I have no idea, why or … well I just cannot put words into the randomness and wonderfullness of this print by Etsy artist, FullFrogMoon. So I will just use hers:
When the alarming news reached Capitol Hill that Cthulhu had been seen emerging from the sea near Atlantic City, alert Congressional aides who were familiar with the writings of H.P. Lovecraft recognized the significance of this event and promptly sprang into action. Recalling their 20th century literature studies at Yale, the young staffers immediately informed Committee members of Cthulhu’s presence on dry land.
The Senate Committee on Banking, Housing, and Urban Affairs proceeded to issue a subpoena ordering Cthulhu to appear before the Committee to testify about the specifics concerning his use of TARP funds to bail out insolvent lenders in his undersea dominion. Specifically, the committee requested details concerning the circumstances surrounding the concessional rate financing granted to questionable contractors engaged in the rehabilitation of Cthulhu’s sunken city of R’lyeh.

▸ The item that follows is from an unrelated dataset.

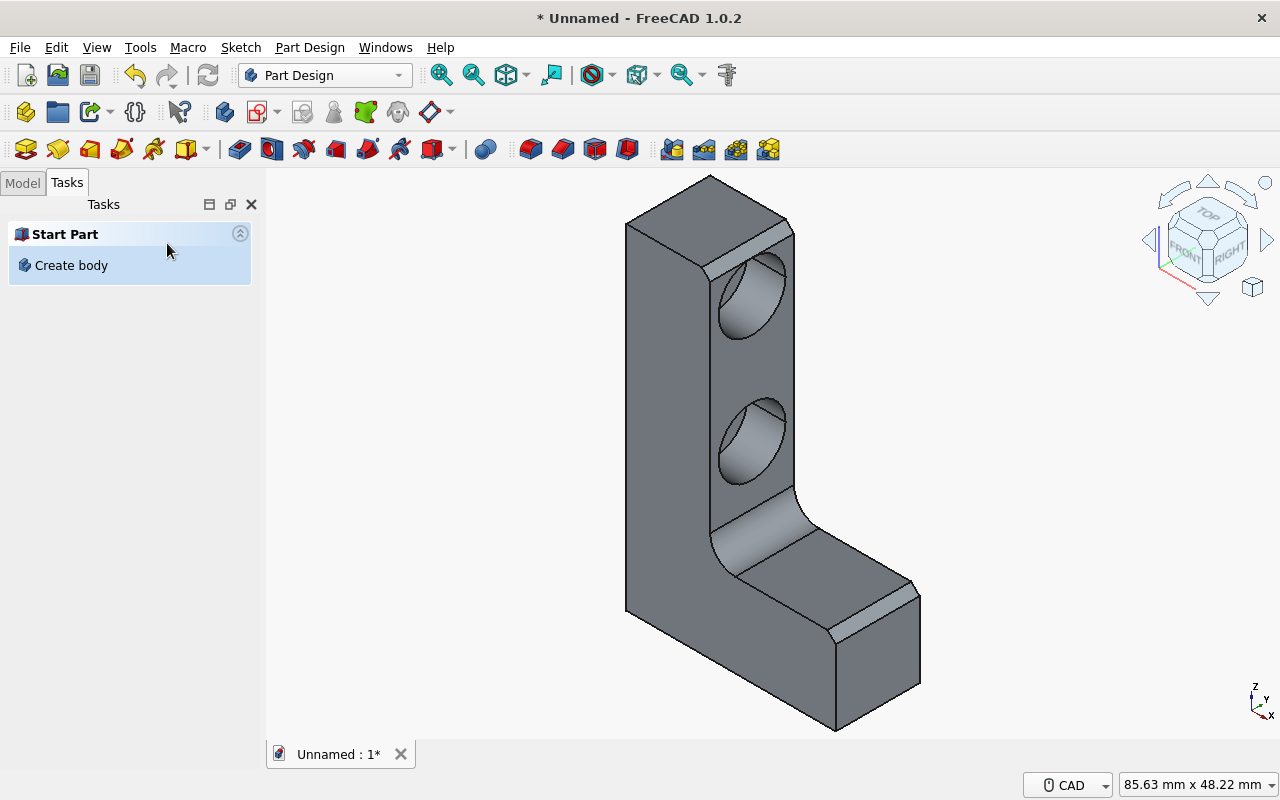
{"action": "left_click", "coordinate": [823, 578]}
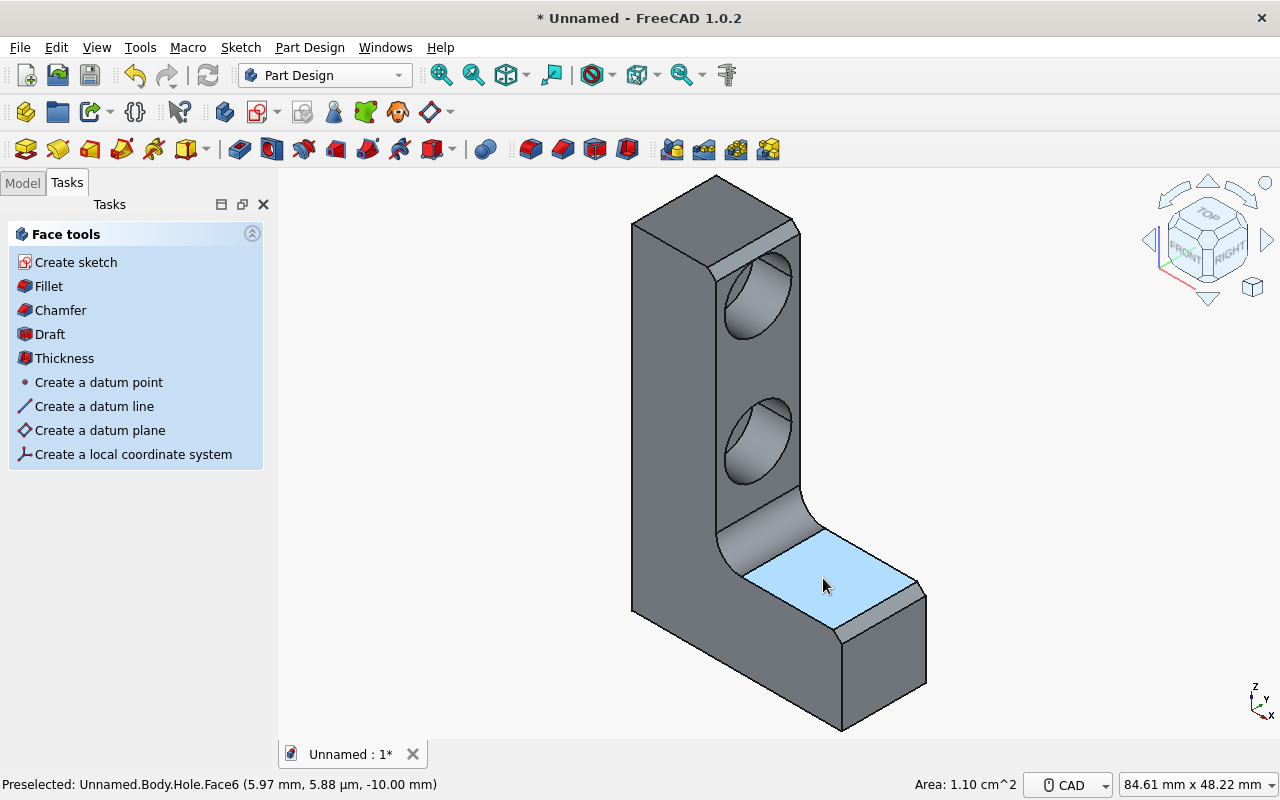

Cthulhu remarked “How in the world can I be expected to assess the creditworthiness of a creature that is little more than a protoplasmic mass resembling a collection of glowing bubbles?” He then promptly asserted his Fifth Amendment privilege against self-incrimination and refused to provide any further information. Conscious of Cthulhu’s reputation as a destroyer of worlds and his appetite for feeding on the souls of humans, the Committee avoided pressing Cthulhu too hard about the TARP funds and instead graciously agreed to sponsor legislation providing the citizens of R’lyeh with a follow-on stimulus package to ensure that all structures in the city are brought up to Neptunian code.